Creating A Unified Commerce Experience for Customers

At the level of the individual consumer, many organizations pull together the expertise and digital resources needed to create a unified commerce experience for their customers.

"The Amazon Experience" has set the standard for what consumers now expect from the digital marketplace. Stock elements like shopping carts and hamburger menus are taken as a given - but customers also demand options to fast-track the purchasing process and expect personalized experiences every time they log in.

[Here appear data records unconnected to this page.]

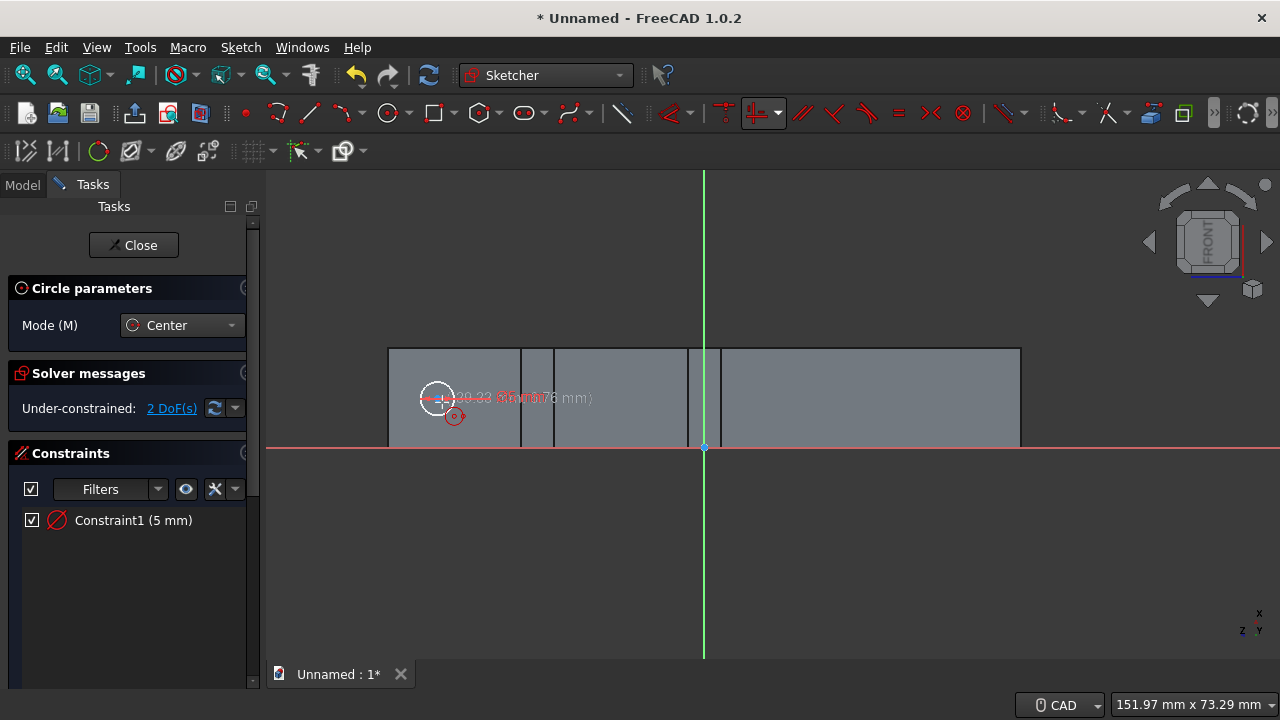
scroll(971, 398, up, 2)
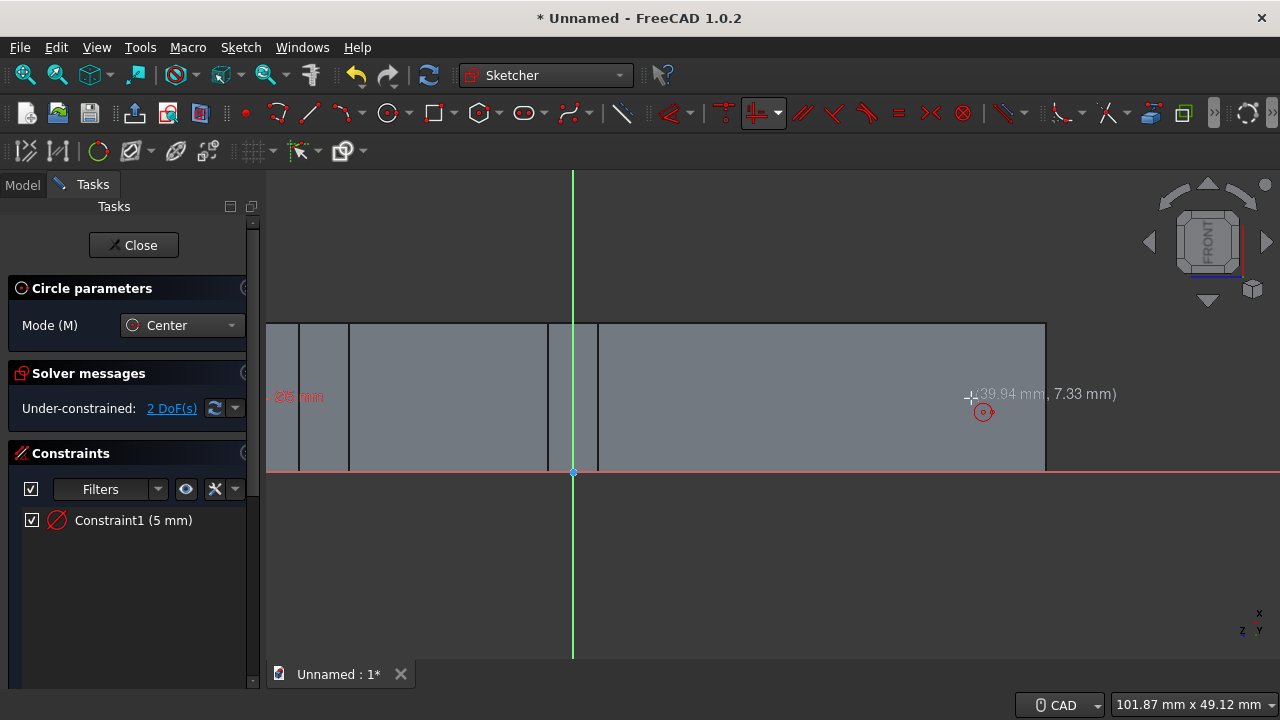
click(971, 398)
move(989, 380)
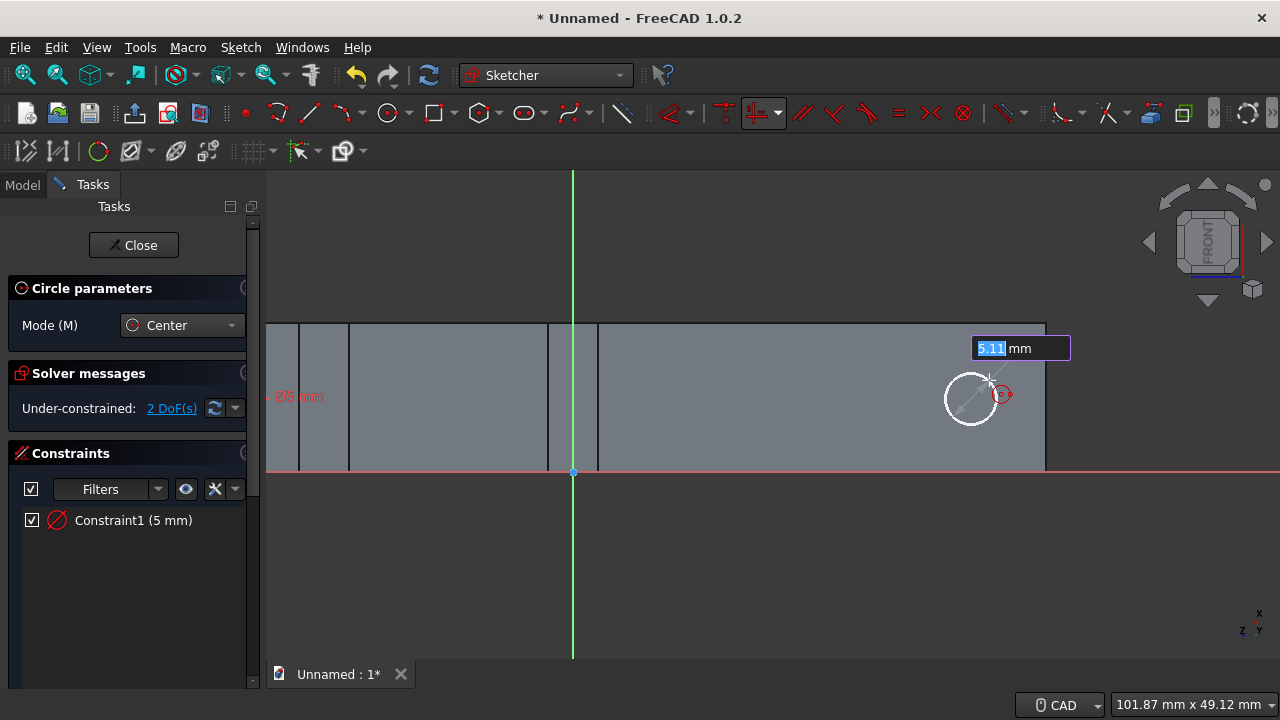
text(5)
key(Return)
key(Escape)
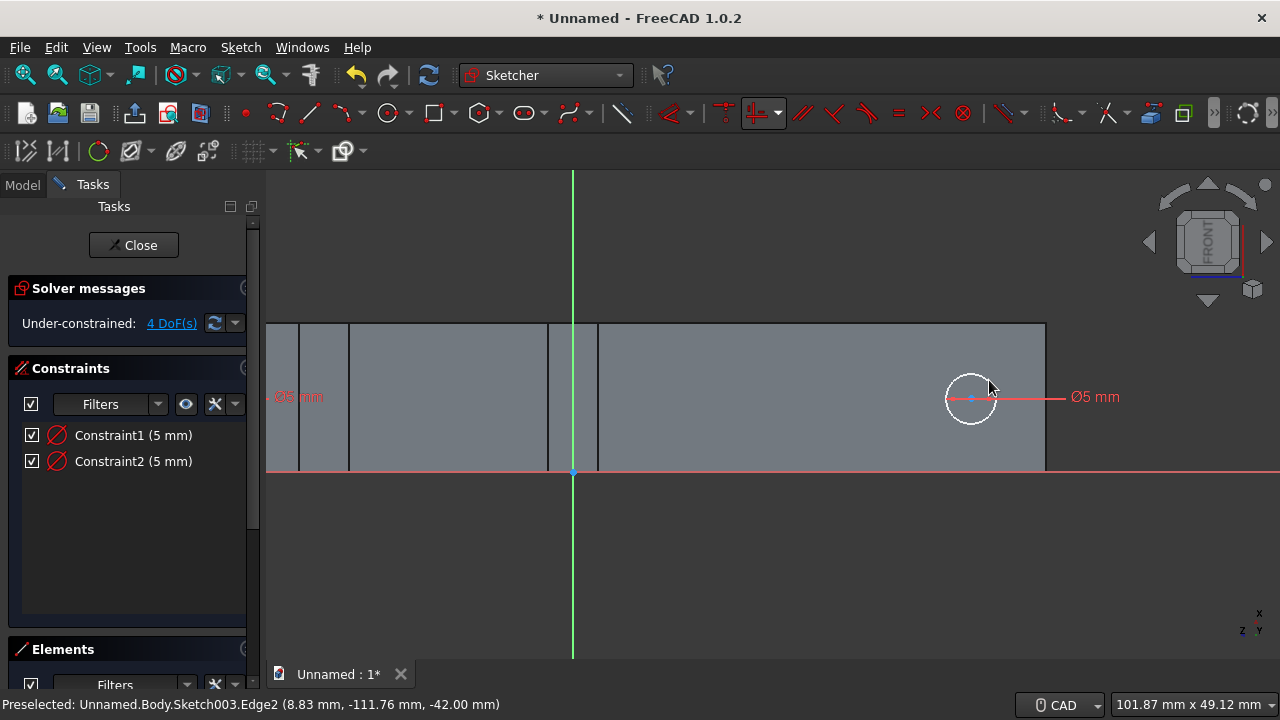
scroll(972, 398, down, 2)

The customer experience in B2B is very different from that of B2C - despite a convergence of expectations in recent years. In the B2B realm, pricing and contracts can change drastically from client to client - even from product to product - depending on the industry and whether products or services are made or delivered to order. B2B enterprises are typically also working with much larger transactions, each having a potentially greater impact on revenue and the bottom line.

Putting the right systems in place can assist in delivering a personalized experience for each business customer. It can also ensure that information is correct, relevant, and speaking to the customer in a language they understand.

Achieving the Ideal Customer Experience

The ideal B2B experience personalizes the seller's site for the buyer based on individual requirements and allows the buyer to get in and out of their transactions quickly and easily. The environment should also enable the seller to offer alternative product recommendations and provide opportunities for cross-selling and up-selling - all within the bounds of a painless and stress-free interaction that allows positive relationships to be nurtured with the buyer. If sellers in the B2B market achieve the goal of creating this ideal customer experience, a number of opportunities for growth and development soon follow.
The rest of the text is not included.